Delegates at an EITI-led conference on natural resource governance in Myanmar (EITI).
Myanmar advances in effort to boost transparency in natural resources sector
Public sector corruption – an area Myanmar scores poorly on – rarely dissuades investment in extractive industries around the world. But the reformists within Myanmar’s government are nevertheless keen to increase investor confidence by boosting transparency, creating the appearance of a clean break with the country’s opaque past.
In December 2012, Myanmar’s president, Thein Sein, announced his intention to have Myanmar adhere to the Extractive Industries Transparency Initiative (EITI), a set of internationally recognised, voluntary standards on revenue reporting and resource management.
On Wednesday, Myanmar officially became a candidate country for EITI compliance; it will have to make its first submission for validation within 30 months. If the EITI board finds that Myanmar has ticked off the requisite boxes, the country will then be granted compliant status – but this can be revoked if subsequent audits find Naypyidaw in breach of the initiative’s standards.
Moves toward increased transparency are undoubtedly welcome in Myanmar, where back-room dealing and under-the-table kickbacks have long been the norm. But although Naypyidaw has now agreed to open its books to unprecedented public scrutiny, it still has a long way to go.
No evidence of corrupt practices has surfaced relating to Myanmar’s recently concluded oil and gas tendering process, but it wasn’t entirely transparent. While the government published a list of winning firms – via Facebook – it did not disclose the “signing bonuses” those firms would have to pay or detail the beneficial ownership of the firms. While disclosure of this information isn’t necessary for compliance with EITI standards, EITI guidelines recommend that various stakeholders in the implementation process “should consider” disclosing such information.
Last week, resource governance watchdog Global Witness announced the results of a survey it conducted of the winning companies in the tendering process. It asked for information on the beneficial owners of the companies, or the individuals and entities that ultimately profit from their activities. Only 11 of the 47 companies it survey responded to their query. For many, governmental transparency is a crucial benchmark for the durability of democratic reforms. “Citizens have the right to know who has been granted access to their most valuable resources, and companies should seize the opportunity to show they have nothing to hide,” Juman Kubba, an analyst at Global Witness, said in a statement.
Even though the government did not make this information publicly available at the conclusion of the bidding process, it will invariably surface as Myanmar moves towards EITI compliance, a consultant close to the multi-stakeholder group responsible for implementation claims. “It would be stupid to try to implement EITI and ignore the bidding round that happened this year,” the consultant said.
The relative lack of transparency in the oil and gas awards – while still an improvement over past practices – sits in stark contrast with a telecommunications tendering process that ended last year, and which many felt at the time heralded a new era of government openness.

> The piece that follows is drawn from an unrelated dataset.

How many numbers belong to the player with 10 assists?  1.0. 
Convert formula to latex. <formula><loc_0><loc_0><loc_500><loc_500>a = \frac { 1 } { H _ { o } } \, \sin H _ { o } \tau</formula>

Exemplary standards implemented by one ministry, however, don’t necessarily translate into good practices across the board, a fact that should not be surprising given the factionalised nature of Myanmar’s fragile political system. “There’s no strategy, there’s no inter-ministerial [consultation]. This is completely ad-hoc,” the consultant said. “There’s so much going on so quickly, and I think it’s difficult to manage.”
The multi-stakeholder group responsible for implementing EITI guidelines is comprised of delegates from the government, industry and civil society. EITI rules say that countries must have an “enabling environment” for civil society participation, and so far, Myanmar has done rather well on this count. The civil society participants include Wong Aung, the coordinator of the Rakhine State-focused Shwe Gas movement, which, despite its offshore bounty, remains one of the country’s poorest areas and a hotbed of sectarian strife.

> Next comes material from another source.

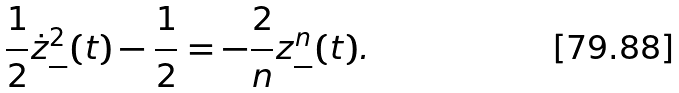Convert formula to latex. <formula><loc_0><loc_0><loc_500><loc_500>\frac { 1 } { 2 } \dot { z } _ { - } ^ { 2 } ( t ) - \frac { 1 } { 2 } = - \frac { 2 } { n } z _ { - } ^ { n } ( t ) .</formula> 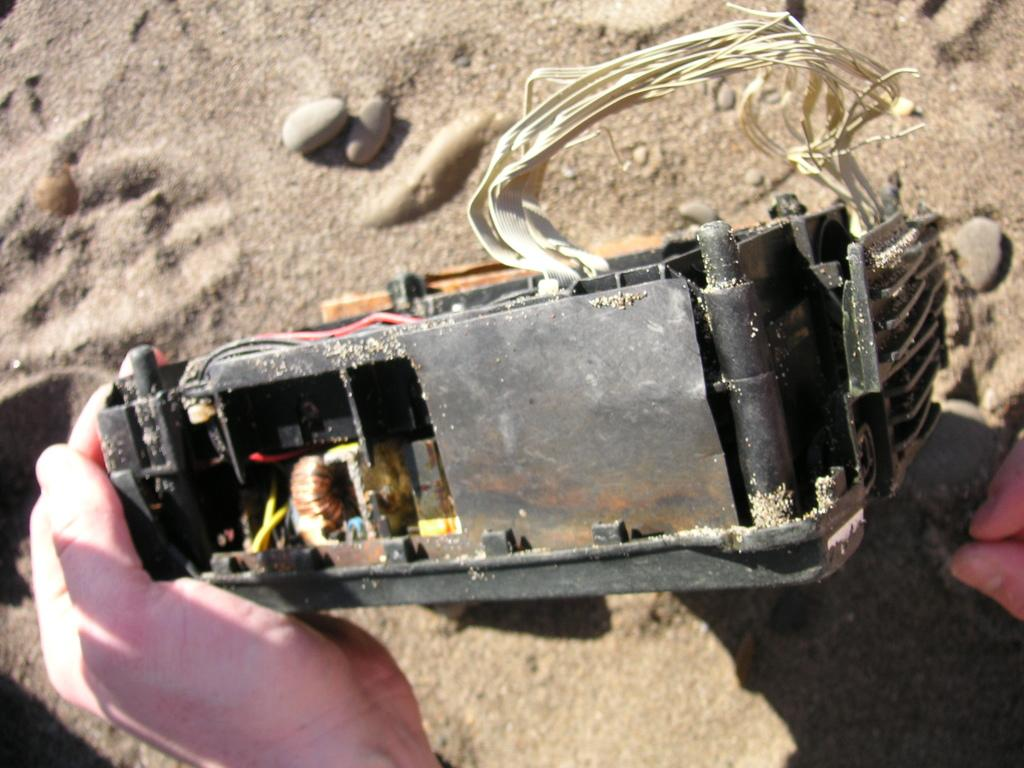What body part is visible in the image? There are hands of a person in the image. What object is present in the image besides the person's hands? There is a machine in the image. What type of natural elements can be seen in the background of the image? There are stones and sand in the background of the image. What type of muscle is being used to hold the loaf in the image? There is no loaf present in the image, so it is not possible to determine which muscle might be used to hold it.

But the government retains an array of tools to clamp down on civil society if it wants to. If it moves to restrict the participation of civil society in the EITI process, this means Myanmar may miss reporting deadlines and jeopardise the implementation of EITI standards. In 2010, Ethiopia’s application for EITI candidate status was rejected because of a rule limiting civil society groups from access to foreign funds, a move that Anthony Richter, a member of the EITI board, told a U.S. government hearing was “the only such instance in the history of EITI where a country has failed to be admitted” on “clearly rights-based” grounds.
A subsequent application by Ethiopia was accepted in March, which stirred controversy because civil society remains tightly controlled under repressive, one-party rule, despite recent overtures from the government towards increased inclusiveness. Ethiopia has yet to go through the 30-month validation process, so it remains to be seen if continuing worries surrounding civil society participation will eventually jeopardise its candidacy.
If Myanmar’s government decides to crack down on dissent in the run-up to elections next year, Naypyidaw may also find its candidature threatened – a troubling signal to investors that it does not particularly want to send.